Erste Durchsuchungen in Wien, Darmstadt und Mannheim

Nur wenige Tage später nahmen Kripo und Staatsanwaltschaft Osnabrück die Ermittlungen wegen des Verdachts des gewerbsmäßigen Betrugs auf. Die Fahnder stießen dabei auf das Geflecht von Untervermietungen, das bei 0137-Nummern gang und gäbe ist. Doch sie ließen sich davon nicht abschrecken. Auch davon nicht, dass als vermeintlicher Letztverantwortlicher der Nummern anfangs ein Libanese (53) ins Visier geriet. Nach akribischer Kleinarbeit stießen die Ermittler auf Firmen in Wien, Darmstadt und Mannheim, die zunächst durchsucht wurden. Diese Woche dann der nächste Schlag: Zeitgleich durchsuchten Fahnder am Dienstag Firmensitze und Privatwohnungen in Frankfurt, Fürth, Friedrichshafen, Königswinter, Rüsselsheim, sowie bei Mainz. Dabei stellten die Ermittler nach eigenen Angaben vor allem Server sicher, von denen aus die Lockanrufe gestartet worden sein könnten.

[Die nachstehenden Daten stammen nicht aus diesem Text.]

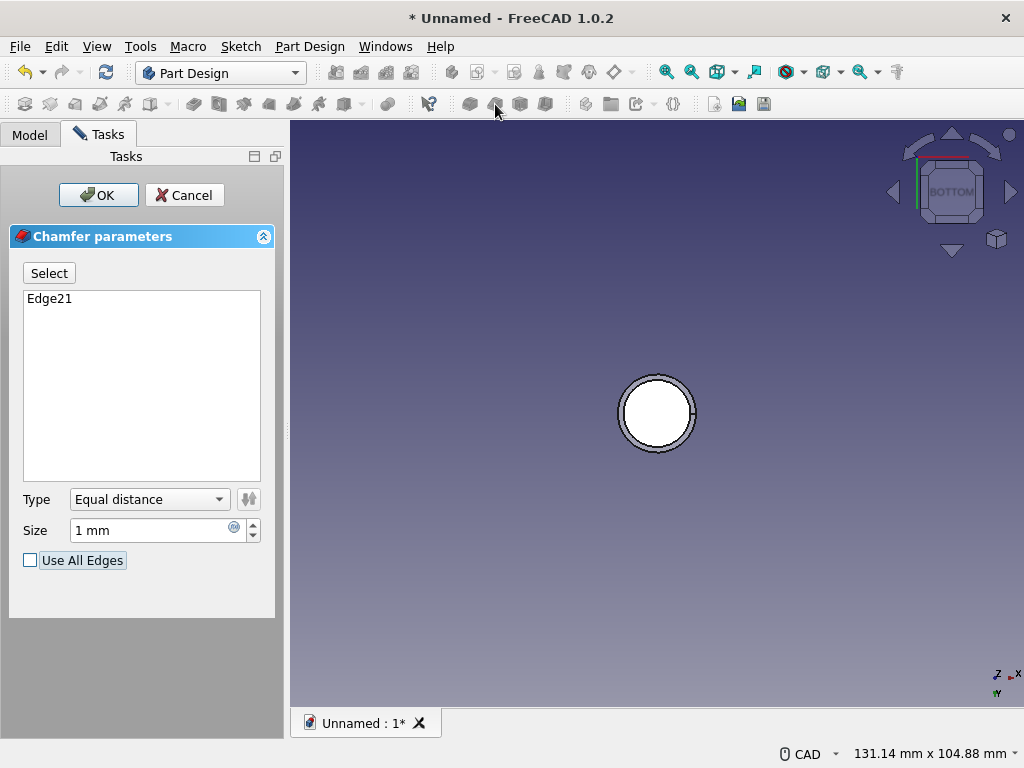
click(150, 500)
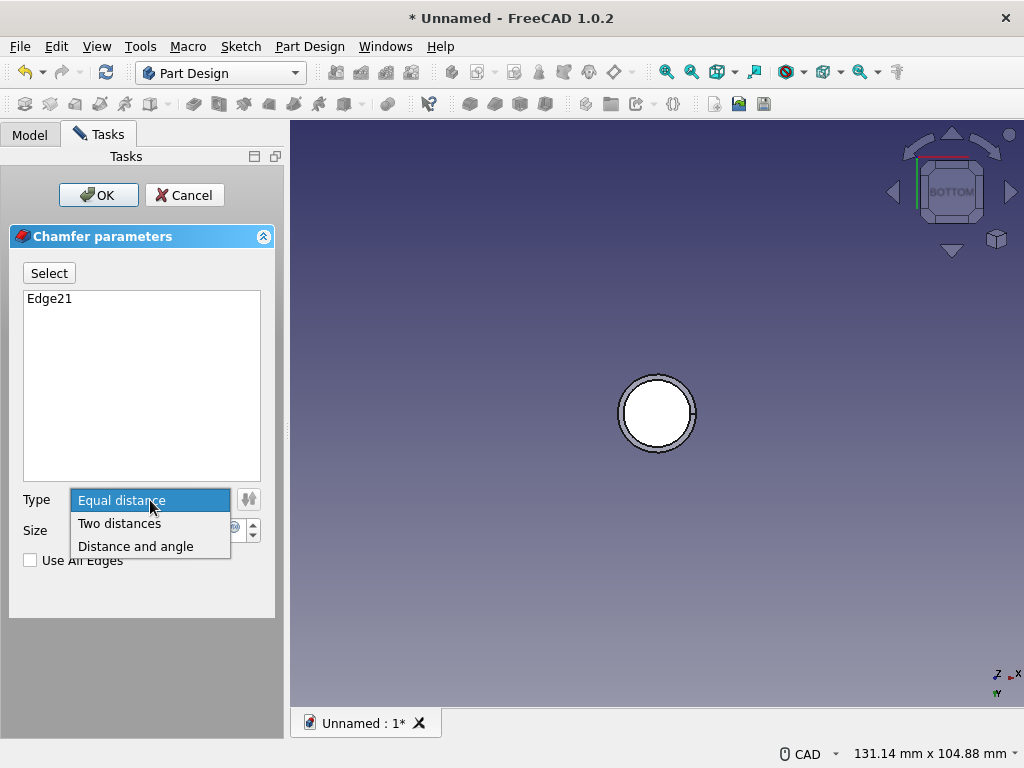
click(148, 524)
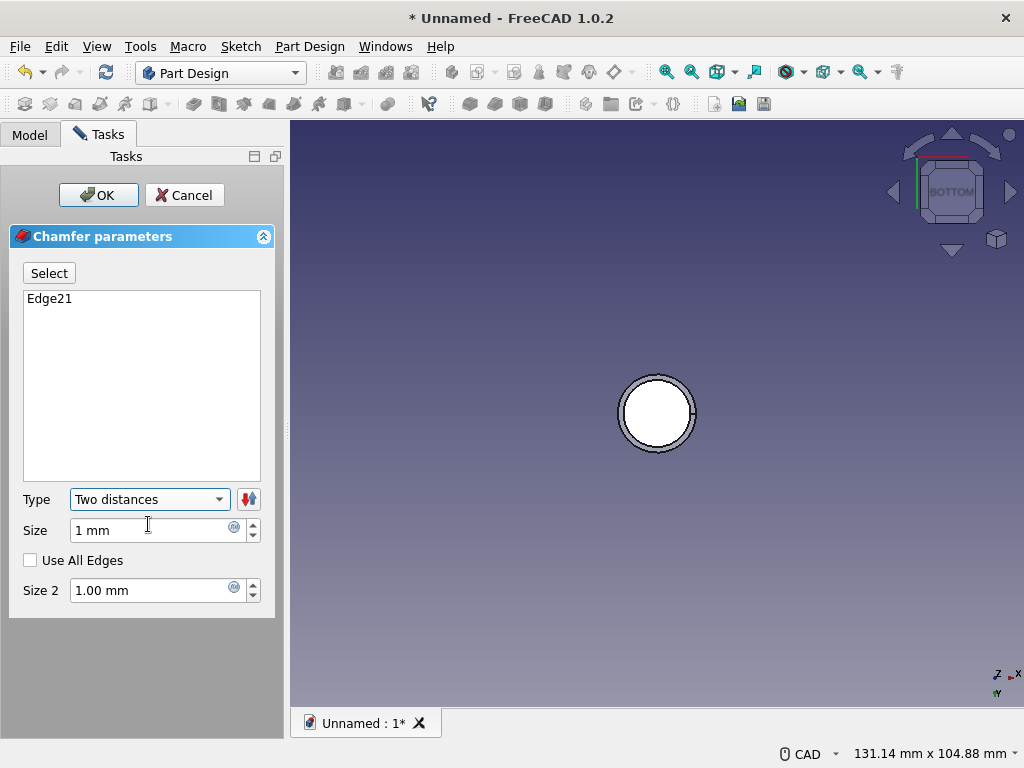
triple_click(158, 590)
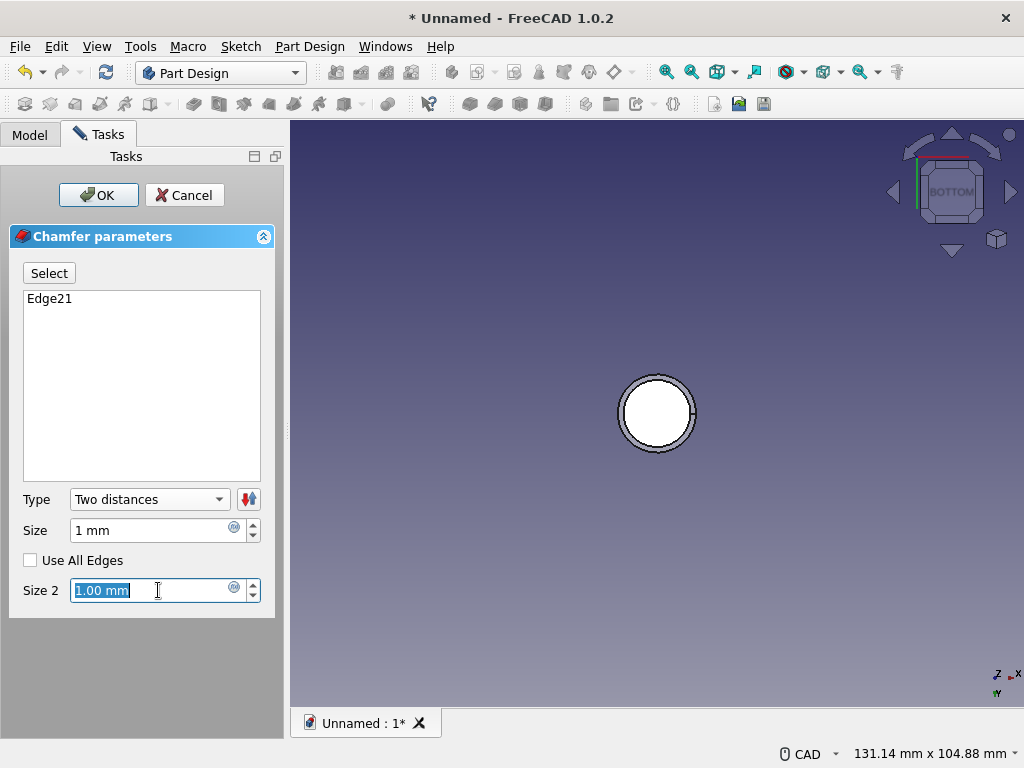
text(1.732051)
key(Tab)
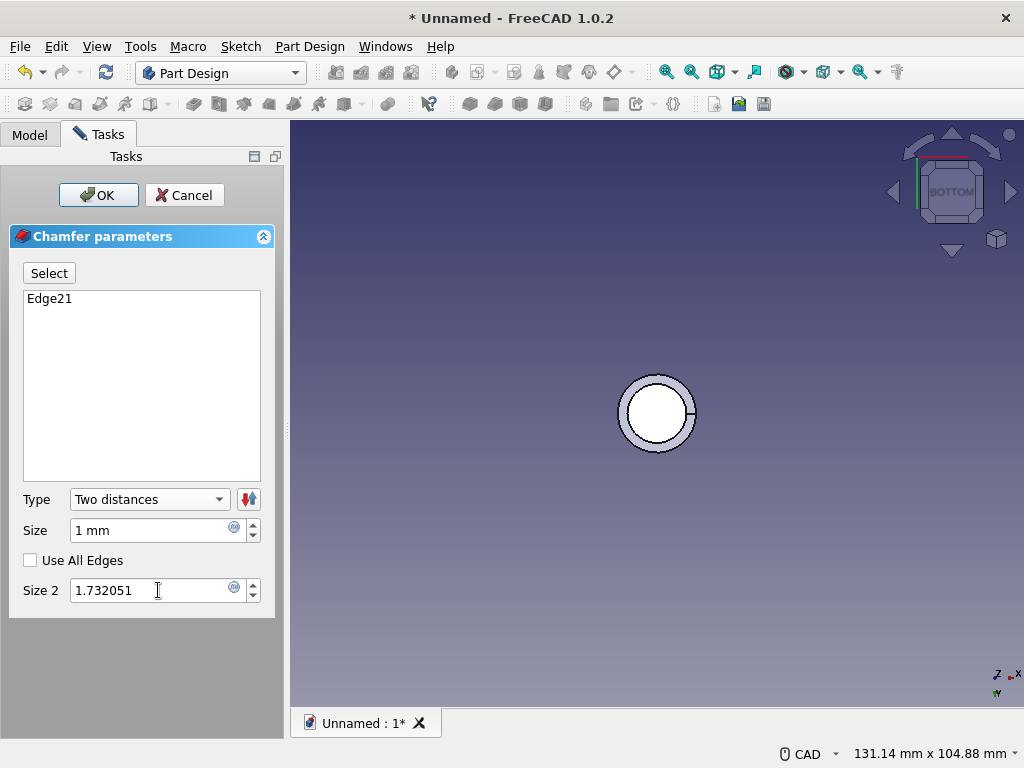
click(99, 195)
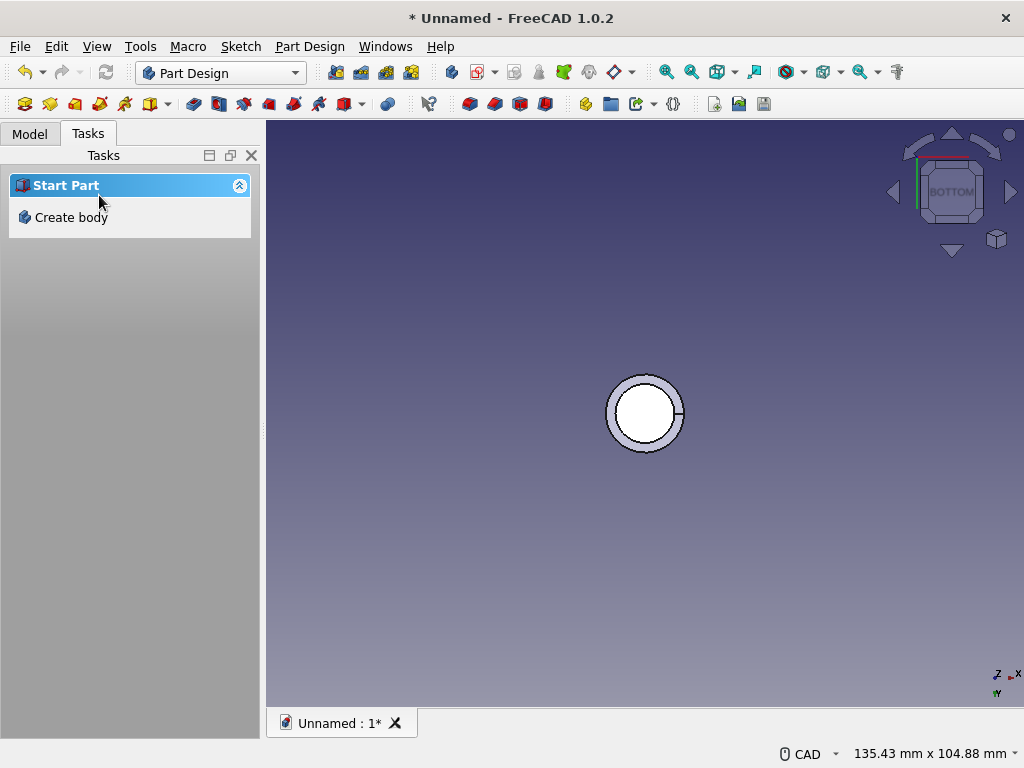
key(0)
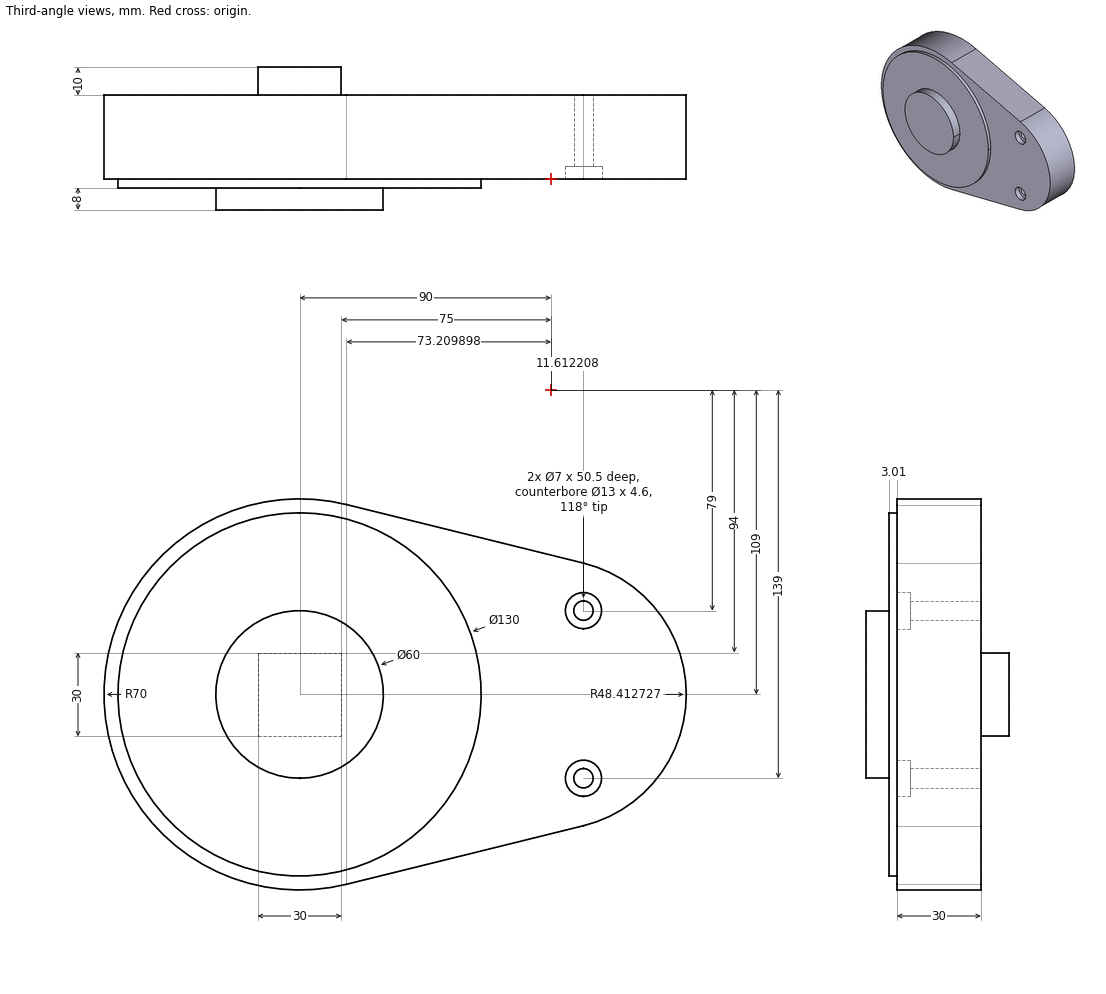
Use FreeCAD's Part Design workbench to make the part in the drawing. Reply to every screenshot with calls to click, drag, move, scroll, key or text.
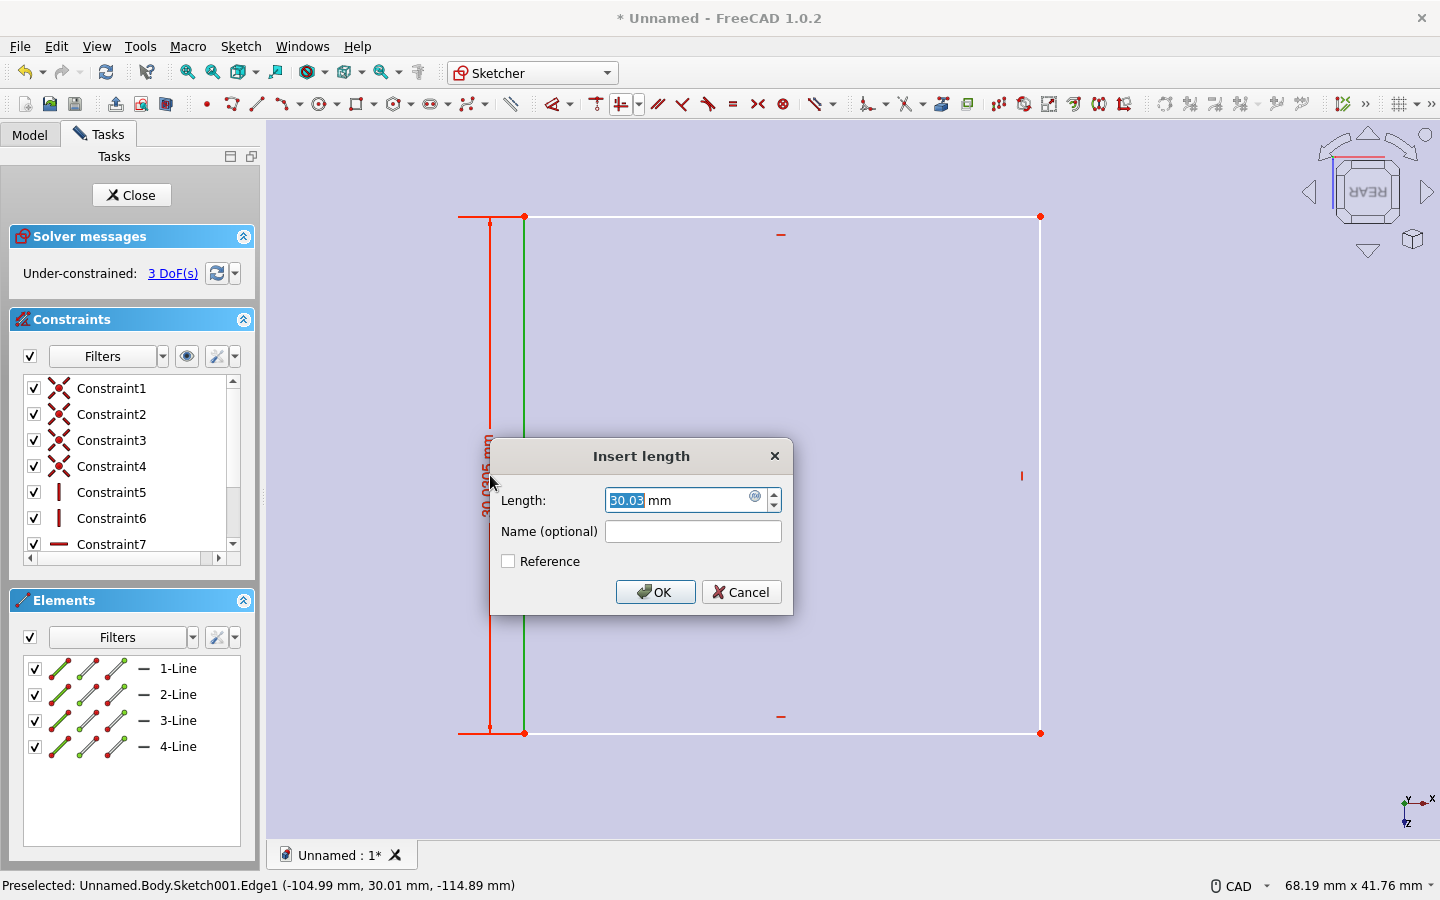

Inzwischen gehen die Osnabrücker Ermittler davon aus, dass zumindest einige der Verdächtigen auch andere dubiose Geschäfte mit teuren Premium-Nummern machten. Bei der Durchsuchung in Darmstadt wurden Hinweise entdeckt, die zu den dubiosen Gewinn-Anrufen mit 0900-Nummern im vergangenen Jahr führen. „Ein reiner Zufallsfund“, sagte Lewandrowski. „Der muss jetzt ausgewertet werden.“ Wie mehrfach berichtet, hatten damals tausende Telefonbesitzer Anrufe erhalten, in denen ihnen Geld- oder Sachpreise von bis zu 1500 oder 3000 Euro versprochen wurden. Diese Gewinne müssten über eine 0900-Nummer abgerufen werden. Wer darauf hereinfiel, wurde dann bis zu einer halben Stunde in der Leitung gehalten; zu Kosten von 1,99 Euro pro Minute. Über „glückliche Gewinner“ ist bis heute nur wenig bekannt.

Gesamtschaden bislang unklar

Im Visier der Osnabrücker Ermittler stehen insgesamt acht Männer im Alter zwischen 38 und 53 Jahren, darunter zwei Österreicher. Wer von ihnen in welcher Form an den Lockanrufen beteiligt war, wird jetzt geprüft. „Einige von ihnen haben bereits Angaben zur Sache gemacht“, berichtete Lewandrowski gegenüber Dialerschutz.de. Es zeichne sich ab, dass „mindestens drei von ihnen eng zusammengearbeitet haben dürften.“ Sollte sich das bewahrheiten, stünde neben dem Verdacht des gewerbsmäßigen auch der des bandenmäßigen Betrugs im Raum. Noch unklar ist, wie viele Menschen auf die „Anrufe in Abwesenheit“ hereinfielen und die teuren Nummern zurückriefen. Auch der angerichtete Schaden steht bisher noch nicht fest.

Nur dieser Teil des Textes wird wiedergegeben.